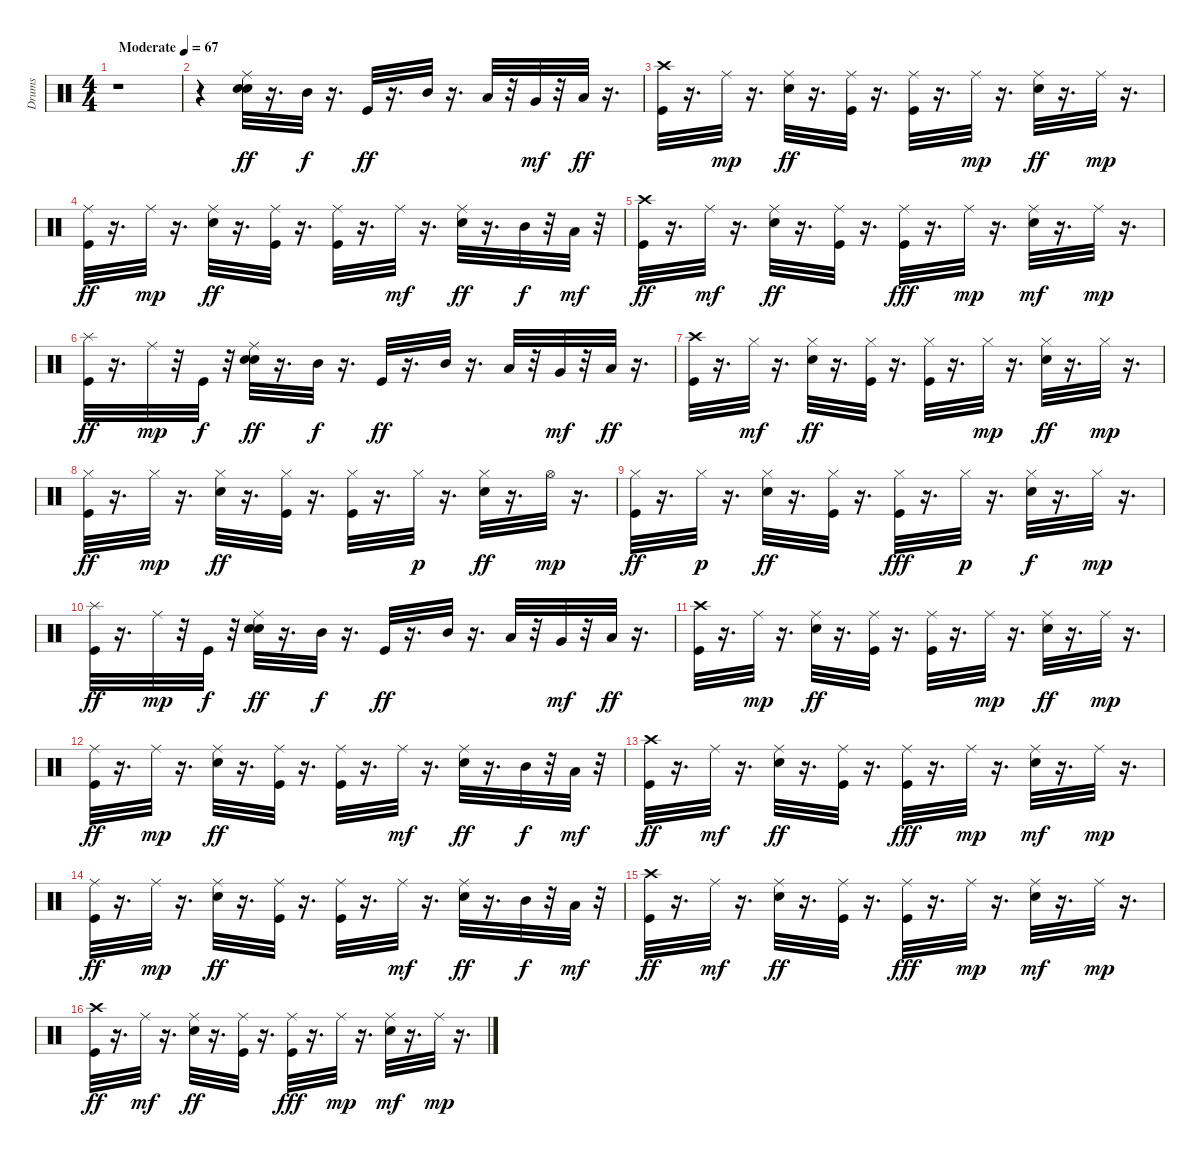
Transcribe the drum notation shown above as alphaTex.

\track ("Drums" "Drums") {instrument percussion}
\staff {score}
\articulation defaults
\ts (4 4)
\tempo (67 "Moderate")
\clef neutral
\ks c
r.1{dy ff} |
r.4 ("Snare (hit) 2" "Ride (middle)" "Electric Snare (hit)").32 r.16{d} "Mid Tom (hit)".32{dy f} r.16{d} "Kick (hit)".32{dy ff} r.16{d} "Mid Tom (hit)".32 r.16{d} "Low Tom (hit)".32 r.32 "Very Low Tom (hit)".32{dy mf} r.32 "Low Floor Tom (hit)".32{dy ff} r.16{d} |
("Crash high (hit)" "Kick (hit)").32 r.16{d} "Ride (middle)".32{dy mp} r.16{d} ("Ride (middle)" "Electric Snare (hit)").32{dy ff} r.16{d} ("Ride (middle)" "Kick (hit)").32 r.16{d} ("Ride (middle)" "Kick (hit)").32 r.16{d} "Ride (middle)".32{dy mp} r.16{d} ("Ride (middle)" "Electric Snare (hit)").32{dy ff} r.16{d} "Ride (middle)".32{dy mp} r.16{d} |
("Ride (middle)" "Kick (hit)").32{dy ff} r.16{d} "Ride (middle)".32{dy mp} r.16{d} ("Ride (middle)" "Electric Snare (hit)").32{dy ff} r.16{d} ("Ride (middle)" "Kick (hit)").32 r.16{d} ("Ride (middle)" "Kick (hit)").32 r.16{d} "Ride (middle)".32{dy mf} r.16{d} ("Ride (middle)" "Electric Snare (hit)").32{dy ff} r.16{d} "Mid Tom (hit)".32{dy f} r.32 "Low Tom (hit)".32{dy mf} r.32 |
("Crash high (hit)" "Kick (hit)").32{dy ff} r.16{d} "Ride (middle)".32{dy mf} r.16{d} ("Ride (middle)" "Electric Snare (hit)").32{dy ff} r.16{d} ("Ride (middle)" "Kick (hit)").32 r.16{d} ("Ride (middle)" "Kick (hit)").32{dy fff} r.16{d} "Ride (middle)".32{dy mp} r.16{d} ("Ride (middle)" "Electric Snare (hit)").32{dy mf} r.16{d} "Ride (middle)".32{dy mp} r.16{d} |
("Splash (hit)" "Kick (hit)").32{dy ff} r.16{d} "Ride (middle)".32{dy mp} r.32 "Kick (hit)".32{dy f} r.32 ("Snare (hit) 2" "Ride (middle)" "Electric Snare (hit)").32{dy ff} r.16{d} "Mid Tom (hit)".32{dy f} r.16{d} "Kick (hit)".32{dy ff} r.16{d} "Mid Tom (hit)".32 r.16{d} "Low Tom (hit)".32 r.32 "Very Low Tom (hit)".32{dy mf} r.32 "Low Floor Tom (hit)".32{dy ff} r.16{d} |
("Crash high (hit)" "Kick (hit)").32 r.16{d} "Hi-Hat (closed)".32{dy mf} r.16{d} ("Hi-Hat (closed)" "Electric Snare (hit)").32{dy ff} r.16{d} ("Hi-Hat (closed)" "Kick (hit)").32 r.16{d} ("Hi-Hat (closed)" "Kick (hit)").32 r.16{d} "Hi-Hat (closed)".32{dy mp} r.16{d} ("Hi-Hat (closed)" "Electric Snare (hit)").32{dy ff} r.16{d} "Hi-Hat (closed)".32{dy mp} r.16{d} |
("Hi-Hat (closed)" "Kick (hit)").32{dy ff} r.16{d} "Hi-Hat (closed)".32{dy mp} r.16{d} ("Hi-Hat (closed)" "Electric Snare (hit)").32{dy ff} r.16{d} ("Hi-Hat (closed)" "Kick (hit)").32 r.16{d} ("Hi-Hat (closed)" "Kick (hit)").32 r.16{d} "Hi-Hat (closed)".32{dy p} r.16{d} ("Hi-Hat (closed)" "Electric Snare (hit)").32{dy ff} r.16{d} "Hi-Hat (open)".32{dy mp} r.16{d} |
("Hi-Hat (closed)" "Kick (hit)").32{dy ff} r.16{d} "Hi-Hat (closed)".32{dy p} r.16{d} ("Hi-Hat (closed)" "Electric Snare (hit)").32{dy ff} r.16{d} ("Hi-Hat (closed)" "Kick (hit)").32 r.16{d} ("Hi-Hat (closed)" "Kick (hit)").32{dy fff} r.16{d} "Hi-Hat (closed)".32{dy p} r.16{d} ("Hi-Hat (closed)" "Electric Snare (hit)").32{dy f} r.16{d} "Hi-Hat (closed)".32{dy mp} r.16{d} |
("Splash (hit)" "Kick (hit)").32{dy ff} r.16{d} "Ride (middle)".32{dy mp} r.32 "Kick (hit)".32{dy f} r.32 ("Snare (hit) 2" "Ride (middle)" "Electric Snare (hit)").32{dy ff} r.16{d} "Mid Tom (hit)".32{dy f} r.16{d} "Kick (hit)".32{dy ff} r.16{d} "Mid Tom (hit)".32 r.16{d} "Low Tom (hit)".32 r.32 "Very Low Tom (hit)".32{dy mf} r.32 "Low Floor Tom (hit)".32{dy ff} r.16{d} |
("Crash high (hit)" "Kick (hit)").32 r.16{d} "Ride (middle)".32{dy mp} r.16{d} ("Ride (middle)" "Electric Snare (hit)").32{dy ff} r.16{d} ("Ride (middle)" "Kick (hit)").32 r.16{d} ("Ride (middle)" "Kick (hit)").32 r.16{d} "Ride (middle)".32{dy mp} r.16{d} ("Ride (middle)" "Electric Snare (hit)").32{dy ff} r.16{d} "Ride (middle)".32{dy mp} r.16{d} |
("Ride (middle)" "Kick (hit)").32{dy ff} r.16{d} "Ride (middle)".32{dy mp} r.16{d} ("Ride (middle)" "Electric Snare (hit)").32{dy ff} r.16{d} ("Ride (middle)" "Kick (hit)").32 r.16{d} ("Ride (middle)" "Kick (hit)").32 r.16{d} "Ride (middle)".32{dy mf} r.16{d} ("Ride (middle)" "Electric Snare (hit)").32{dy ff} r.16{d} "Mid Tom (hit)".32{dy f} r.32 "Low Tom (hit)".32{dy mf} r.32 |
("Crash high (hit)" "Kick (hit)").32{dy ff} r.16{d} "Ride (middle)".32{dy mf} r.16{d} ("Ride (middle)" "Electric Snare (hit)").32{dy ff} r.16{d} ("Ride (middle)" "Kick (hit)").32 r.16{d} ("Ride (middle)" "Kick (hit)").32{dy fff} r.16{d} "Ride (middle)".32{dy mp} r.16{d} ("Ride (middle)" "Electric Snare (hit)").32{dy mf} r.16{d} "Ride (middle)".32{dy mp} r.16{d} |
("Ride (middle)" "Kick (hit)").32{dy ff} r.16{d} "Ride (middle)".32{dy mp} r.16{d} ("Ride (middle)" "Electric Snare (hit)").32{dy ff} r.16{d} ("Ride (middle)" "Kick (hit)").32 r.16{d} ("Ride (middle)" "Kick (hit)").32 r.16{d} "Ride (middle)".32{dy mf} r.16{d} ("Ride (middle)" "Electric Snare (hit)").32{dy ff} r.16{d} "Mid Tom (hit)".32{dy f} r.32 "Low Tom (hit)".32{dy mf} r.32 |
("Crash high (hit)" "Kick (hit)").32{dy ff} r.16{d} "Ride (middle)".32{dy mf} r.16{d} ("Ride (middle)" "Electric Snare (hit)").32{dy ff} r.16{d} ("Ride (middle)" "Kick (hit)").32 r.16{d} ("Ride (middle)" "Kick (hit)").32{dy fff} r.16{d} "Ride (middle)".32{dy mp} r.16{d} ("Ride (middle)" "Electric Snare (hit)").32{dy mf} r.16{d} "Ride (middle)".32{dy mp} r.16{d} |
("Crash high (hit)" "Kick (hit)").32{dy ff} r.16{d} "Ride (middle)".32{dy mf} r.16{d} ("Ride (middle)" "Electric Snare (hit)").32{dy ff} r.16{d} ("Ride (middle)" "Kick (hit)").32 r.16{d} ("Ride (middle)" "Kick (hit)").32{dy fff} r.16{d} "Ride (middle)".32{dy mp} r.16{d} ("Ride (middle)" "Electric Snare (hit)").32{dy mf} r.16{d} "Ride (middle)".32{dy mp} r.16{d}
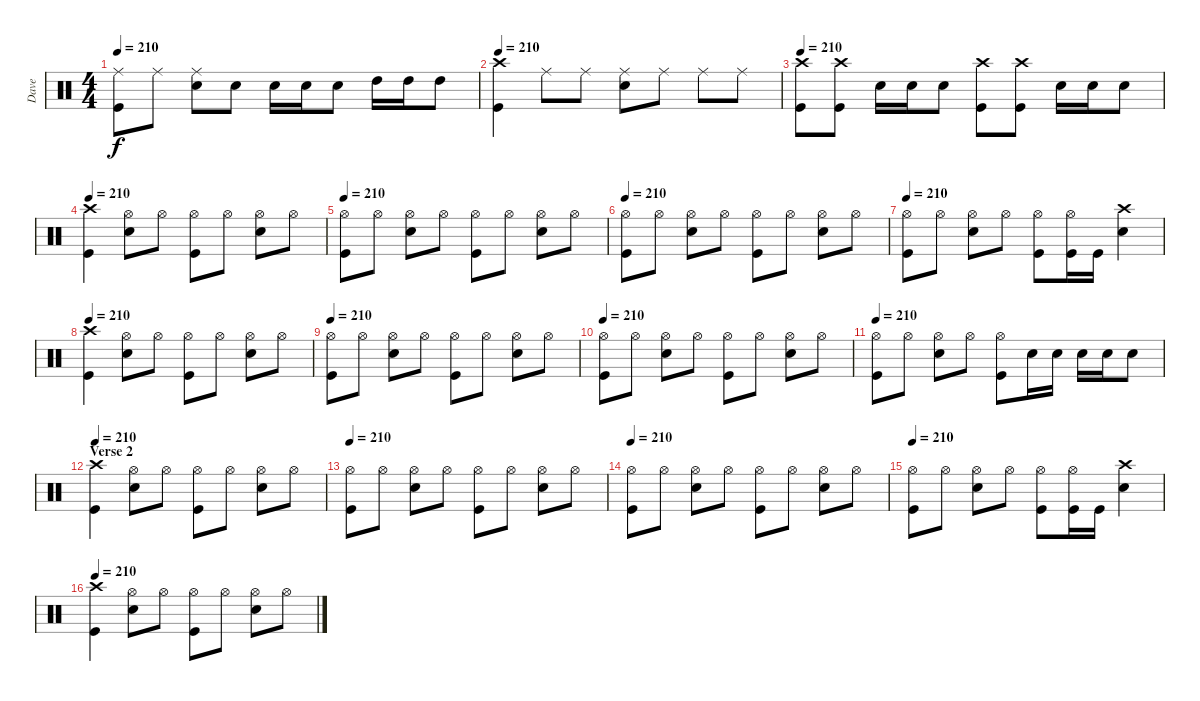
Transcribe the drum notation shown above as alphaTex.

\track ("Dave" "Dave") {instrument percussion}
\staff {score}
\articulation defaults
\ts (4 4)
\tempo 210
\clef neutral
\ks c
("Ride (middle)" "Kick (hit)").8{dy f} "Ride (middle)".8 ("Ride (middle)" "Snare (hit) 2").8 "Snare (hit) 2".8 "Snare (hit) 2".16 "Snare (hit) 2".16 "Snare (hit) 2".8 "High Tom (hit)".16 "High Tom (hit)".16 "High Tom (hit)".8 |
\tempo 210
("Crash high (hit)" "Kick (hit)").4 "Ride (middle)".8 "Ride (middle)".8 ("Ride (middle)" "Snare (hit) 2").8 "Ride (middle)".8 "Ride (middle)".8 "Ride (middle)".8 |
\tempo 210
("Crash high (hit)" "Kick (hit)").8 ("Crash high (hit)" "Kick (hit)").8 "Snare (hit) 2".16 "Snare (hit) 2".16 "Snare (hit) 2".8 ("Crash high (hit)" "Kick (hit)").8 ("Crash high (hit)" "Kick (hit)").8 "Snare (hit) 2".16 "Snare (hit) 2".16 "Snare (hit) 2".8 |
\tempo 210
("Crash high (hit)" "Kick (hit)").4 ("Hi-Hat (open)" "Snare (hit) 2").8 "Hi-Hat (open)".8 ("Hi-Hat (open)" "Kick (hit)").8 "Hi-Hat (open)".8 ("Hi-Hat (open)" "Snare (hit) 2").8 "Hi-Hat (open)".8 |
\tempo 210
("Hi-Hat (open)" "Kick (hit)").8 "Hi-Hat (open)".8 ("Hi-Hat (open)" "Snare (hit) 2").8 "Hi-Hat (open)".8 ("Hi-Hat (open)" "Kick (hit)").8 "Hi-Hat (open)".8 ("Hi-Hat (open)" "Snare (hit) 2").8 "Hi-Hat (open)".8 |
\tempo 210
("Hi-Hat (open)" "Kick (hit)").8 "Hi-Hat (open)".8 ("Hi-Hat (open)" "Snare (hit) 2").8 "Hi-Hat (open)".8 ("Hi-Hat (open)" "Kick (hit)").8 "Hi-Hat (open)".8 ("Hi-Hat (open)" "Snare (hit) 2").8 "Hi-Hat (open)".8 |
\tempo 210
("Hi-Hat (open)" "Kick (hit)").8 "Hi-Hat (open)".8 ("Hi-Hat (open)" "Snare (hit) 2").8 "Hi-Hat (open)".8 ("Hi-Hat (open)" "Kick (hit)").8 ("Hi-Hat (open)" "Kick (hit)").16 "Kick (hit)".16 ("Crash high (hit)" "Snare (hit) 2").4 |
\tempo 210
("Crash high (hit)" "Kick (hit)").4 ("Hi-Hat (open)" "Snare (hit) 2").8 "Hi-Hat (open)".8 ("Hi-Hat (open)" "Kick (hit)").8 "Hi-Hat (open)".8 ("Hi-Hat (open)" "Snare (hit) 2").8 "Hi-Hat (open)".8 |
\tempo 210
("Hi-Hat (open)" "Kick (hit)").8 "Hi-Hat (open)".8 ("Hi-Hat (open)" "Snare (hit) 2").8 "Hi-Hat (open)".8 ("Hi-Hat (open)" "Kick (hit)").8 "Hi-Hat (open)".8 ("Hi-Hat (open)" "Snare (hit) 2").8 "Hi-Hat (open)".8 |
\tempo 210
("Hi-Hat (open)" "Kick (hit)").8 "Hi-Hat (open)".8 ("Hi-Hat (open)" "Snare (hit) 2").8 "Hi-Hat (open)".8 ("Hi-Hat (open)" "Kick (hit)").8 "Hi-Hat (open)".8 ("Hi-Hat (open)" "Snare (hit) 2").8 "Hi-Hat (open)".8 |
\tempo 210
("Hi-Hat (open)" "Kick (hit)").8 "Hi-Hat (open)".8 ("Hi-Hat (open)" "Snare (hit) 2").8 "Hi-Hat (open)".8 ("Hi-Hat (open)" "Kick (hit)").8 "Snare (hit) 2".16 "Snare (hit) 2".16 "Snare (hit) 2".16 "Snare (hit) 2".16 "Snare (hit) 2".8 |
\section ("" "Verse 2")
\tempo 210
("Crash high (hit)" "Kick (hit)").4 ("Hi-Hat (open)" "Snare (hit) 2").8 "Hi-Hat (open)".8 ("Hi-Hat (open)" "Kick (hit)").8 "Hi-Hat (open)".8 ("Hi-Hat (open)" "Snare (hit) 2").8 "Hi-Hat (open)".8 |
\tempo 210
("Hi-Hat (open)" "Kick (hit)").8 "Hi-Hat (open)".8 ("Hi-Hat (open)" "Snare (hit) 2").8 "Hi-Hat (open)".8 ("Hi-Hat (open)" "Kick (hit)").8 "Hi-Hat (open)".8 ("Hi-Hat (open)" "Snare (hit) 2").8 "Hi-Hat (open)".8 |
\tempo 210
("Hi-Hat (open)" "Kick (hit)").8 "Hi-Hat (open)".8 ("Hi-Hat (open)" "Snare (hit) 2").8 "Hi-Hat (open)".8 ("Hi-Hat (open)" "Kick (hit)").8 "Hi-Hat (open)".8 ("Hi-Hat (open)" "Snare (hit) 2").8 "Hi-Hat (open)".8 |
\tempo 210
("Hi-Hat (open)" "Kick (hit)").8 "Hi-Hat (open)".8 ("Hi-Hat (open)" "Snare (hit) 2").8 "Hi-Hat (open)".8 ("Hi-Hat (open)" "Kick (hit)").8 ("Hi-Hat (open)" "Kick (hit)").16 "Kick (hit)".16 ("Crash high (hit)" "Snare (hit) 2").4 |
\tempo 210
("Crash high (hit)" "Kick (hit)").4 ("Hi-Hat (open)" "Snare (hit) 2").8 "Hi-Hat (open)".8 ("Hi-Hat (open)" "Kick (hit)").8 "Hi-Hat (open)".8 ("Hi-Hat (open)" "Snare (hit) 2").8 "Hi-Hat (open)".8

**DIRECTIONS**
What lines above contain the word "percussion"? Please copy each one.

**THE ANSWER**
\track ("Drums" "Drums") {instrument percussion}
\track ("Dave" "Dave") {instrument percussion}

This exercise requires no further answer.